Have you been looking for an opportunity to make art with others again? 

Then you'll love Sustainability and Social Justice 2021! This year, we will be focusing on the theme of Art and Activism. Join us and a panel of 4 amazing artists and social justice advocates as we talk about the importance of art in social movements generally, and more specifically in the movement for climate and environmental justice. Our artists are poets, storytellers, muralists, educators, and environmental advocates who care deeply about the intersections of art and activism, and of sustainability and social justice.

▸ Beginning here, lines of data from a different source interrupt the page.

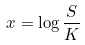Convert formula to latex. <formula><loc_0><loc_0><loc_500><loc_500>x = \log \frac { S } { K }</formula> 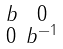<formula> <loc_0><loc_0><loc_500><loc_500>\begin{smallmatrix} b & 0 \\ 0 & b ^ { - 1 } \end{smallmatrix}</formula> 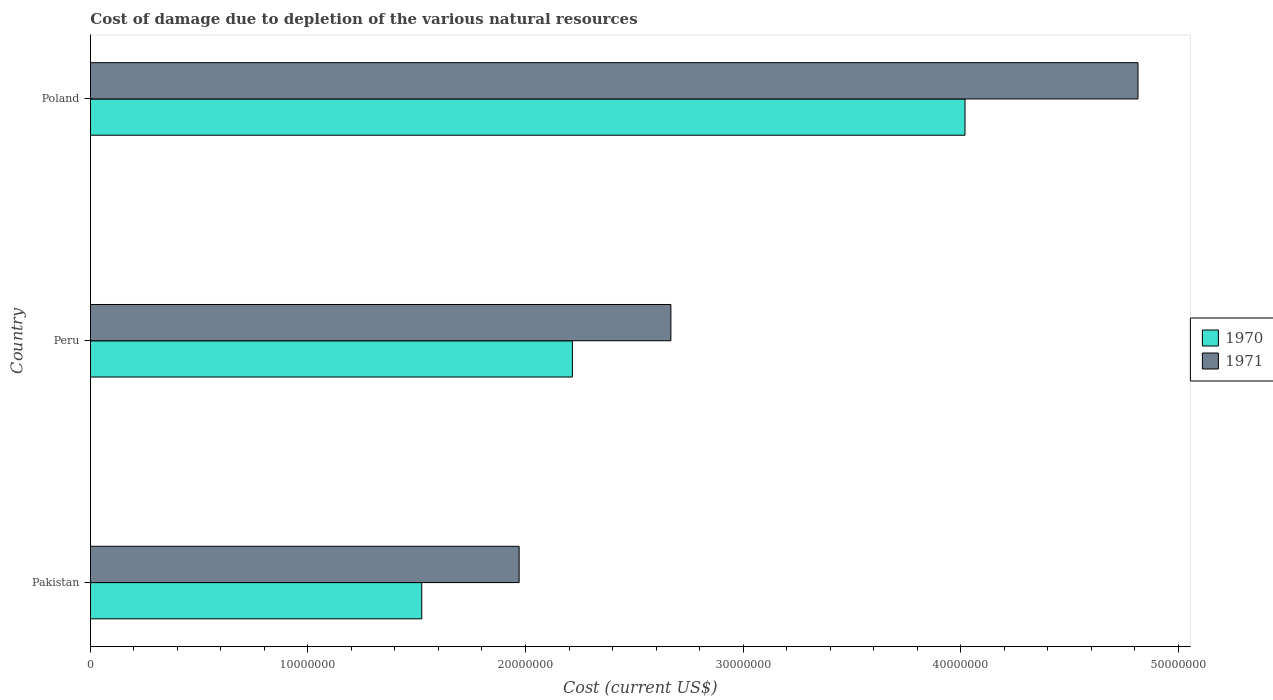Are the number of bars per tick equal to the number of legend labels?
Your answer should be very brief. Yes. What is the label of the 3rd group of bars from the top?
Provide a succinct answer. Pakistan. In how many cases, is the number of bars for a given country not equal to the number of legend labels?
Provide a succinct answer. 0. What is the cost of damage caused due to the depletion of various natural resources in 1970 in Pakistan?
Ensure brevity in your answer.  1.52e+07. Across all countries, what is the maximum cost of damage caused due to the depletion of various natural resources in 1970?
Make the answer very short. 4.02e+07. Across all countries, what is the minimum cost of damage caused due to the depletion of various natural resources in 1970?
Offer a terse response. 1.52e+07. In which country was the cost of damage caused due to the depletion of various natural resources in 1971 minimum?
Make the answer very short. Pakistan. What is the total cost of damage caused due to the depletion of various natural resources in 1970 in the graph?
Offer a terse response. 7.76e+07. What is the difference between the cost of damage caused due to the depletion of various natural resources in 1971 in Pakistan and that in Poland?
Provide a succinct answer. -2.84e+07. What is the difference between the cost of damage caused due to the depletion of various natural resources in 1971 in Poland and the cost of damage caused due to the depletion of various natural resources in 1970 in Peru?
Offer a terse response. 2.60e+07. What is the average cost of damage caused due to the depletion of various natural resources in 1970 per country?
Give a very brief answer. 2.59e+07. What is the difference between the cost of damage caused due to the depletion of various natural resources in 1970 and cost of damage caused due to the depletion of various natural resources in 1971 in Poland?
Keep it short and to the point. -7.95e+06. In how many countries, is the cost of damage caused due to the depletion of various natural resources in 1970 greater than 48000000 US$?
Offer a very short reply. 0. What is the ratio of the cost of damage caused due to the depletion of various natural resources in 1971 in Pakistan to that in Poland?
Your answer should be very brief. 0.41. Is the difference between the cost of damage caused due to the depletion of various natural resources in 1970 in Peru and Poland greater than the difference between the cost of damage caused due to the depletion of various natural resources in 1971 in Peru and Poland?
Offer a very short reply. Yes. What is the difference between the highest and the second highest cost of damage caused due to the depletion of various natural resources in 1971?
Offer a very short reply. 2.15e+07. What is the difference between the highest and the lowest cost of damage caused due to the depletion of various natural resources in 1971?
Make the answer very short. 2.84e+07. In how many countries, is the cost of damage caused due to the depletion of various natural resources in 1970 greater than the average cost of damage caused due to the depletion of various natural resources in 1970 taken over all countries?
Provide a short and direct response. 1. What does the 2nd bar from the bottom in Peru represents?
Your answer should be compact. 1971. How many legend labels are there?
Your answer should be very brief. 2. How are the legend labels stacked?
Your response must be concise. Vertical. What is the title of the graph?
Provide a succinct answer. Cost of damage due to depletion of the various natural resources. What is the label or title of the X-axis?
Provide a short and direct response. Cost (current US$). What is the Cost (current US$) of 1970 in Pakistan?
Make the answer very short. 1.52e+07. What is the Cost (current US$) of 1971 in Pakistan?
Your answer should be very brief. 1.97e+07. What is the Cost (current US$) of 1970 in Peru?
Your answer should be compact. 2.22e+07. What is the Cost (current US$) of 1971 in Peru?
Offer a terse response. 2.67e+07. What is the Cost (current US$) of 1970 in Poland?
Ensure brevity in your answer.  4.02e+07. What is the Cost (current US$) of 1971 in Poland?
Offer a very short reply. 4.82e+07. Across all countries, what is the maximum Cost (current US$) in 1970?
Your response must be concise. 4.02e+07. Across all countries, what is the maximum Cost (current US$) of 1971?
Provide a succinct answer. 4.82e+07. Across all countries, what is the minimum Cost (current US$) of 1970?
Make the answer very short. 1.52e+07. Across all countries, what is the minimum Cost (current US$) of 1971?
Offer a terse response. 1.97e+07. What is the total Cost (current US$) in 1970 in the graph?
Offer a terse response. 7.76e+07. What is the total Cost (current US$) of 1971 in the graph?
Offer a very short reply. 9.45e+07. What is the difference between the Cost (current US$) of 1970 in Pakistan and that in Peru?
Provide a succinct answer. -6.92e+06. What is the difference between the Cost (current US$) of 1971 in Pakistan and that in Peru?
Give a very brief answer. -6.98e+06. What is the difference between the Cost (current US$) in 1970 in Pakistan and that in Poland?
Give a very brief answer. -2.50e+07. What is the difference between the Cost (current US$) of 1971 in Pakistan and that in Poland?
Your answer should be very brief. -2.84e+07. What is the difference between the Cost (current US$) in 1970 in Peru and that in Poland?
Your answer should be very brief. -1.80e+07. What is the difference between the Cost (current US$) of 1971 in Peru and that in Poland?
Provide a short and direct response. -2.15e+07. What is the difference between the Cost (current US$) in 1970 in Pakistan and the Cost (current US$) in 1971 in Peru?
Give a very brief answer. -1.15e+07. What is the difference between the Cost (current US$) in 1970 in Pakistan and the Cost (current US$) in 1971 in Poland?
Provide a short and direct response. -3.29e+07. What is the difference between the Cost (current US$) in 1970 in Peru and the Cost (current US$) in 1971 in Poland?
Provide a short and direct response. -2.60e+07. What is the average Cost (current US$) of 1970 per country?
Provide a succinct answer. 2.59e+07. What is the average Cost (current US$) in 1971 per country?
Give a very brief answer. 3.15e+07. What is the difference between the Cost (current US$) of 1970 and Cost (current US$) of 1971 in Pakistan?
Provide a succinct answer. -4.48e+06. What is the difference between the Cost (current US$) in 1970 and Cost (current US$) in 1971 in Peru?
Ensure brevity in your answer.  -4.53e+06. What is the difference between the Cost (current US$) of 1970 and Cost (current US$) of 1971 in Poland?
Your answer should be very brief. -7.95e+06. What is the ratio of the Cost (current US$) in 1970 in Pakistan to that in Peru?
Provide a short and direct response. 0.69. What is the ratio of the Cost (current US$) of 1971 in Pakistan to that in Peru?
Your answer should be compact. 0.74. What is the ratio of the Cost (current US$) in 1970 in Pakistan to that in Poland?
Provide a short and direct response. 0.38. What is the ratio of the Cost (current US$) of 1971 in Pakistan to that in Poland?
Offer a very short reply. 0.41. What is the ratio of the Cost (current US$) in 1970 in Peru to that in Poland?
Keep it short and to the point. 0.55. What is the ratio of the Cost (current US$) in 1971 in Peru to that in Poland?
Offer a terse response. 0.55. What is the difference between the highest and the second highest Cost (current US$) of 1970?
Your answer should be compact. 1.80e+07. What is the difference between the highest and the second highest Cost (current US$) of 1971?
Provide a succinct answer. 2.15e+07. What is the difference between the highest and the lowest Cost (current US$) of 1970?
Keep it short and to the point. 2.50e+07. What is the difference between the highest and the lowest Cost (current US$) of 1971?
Give a very brief answer. 2.84e+07.

Join us to hear from this amazing panel! Open to all Dartmouth students and community members.

Webinar link:


Meet the Artists: 

Dr. Craig Santos Perez is an indigenous Pacific Islander poet and environmental justice activist from Guam. He is the author of five poetry books and the co-editor of five anthologies. He has performed his "eco-poetry" at the International Union for the Conservation of Nature, the Hawaiʻi Conservation Alliance, and the International Conference on Environmental Futures. He is a professor of english and creative writing at the University of Hawai'i, Manoa.  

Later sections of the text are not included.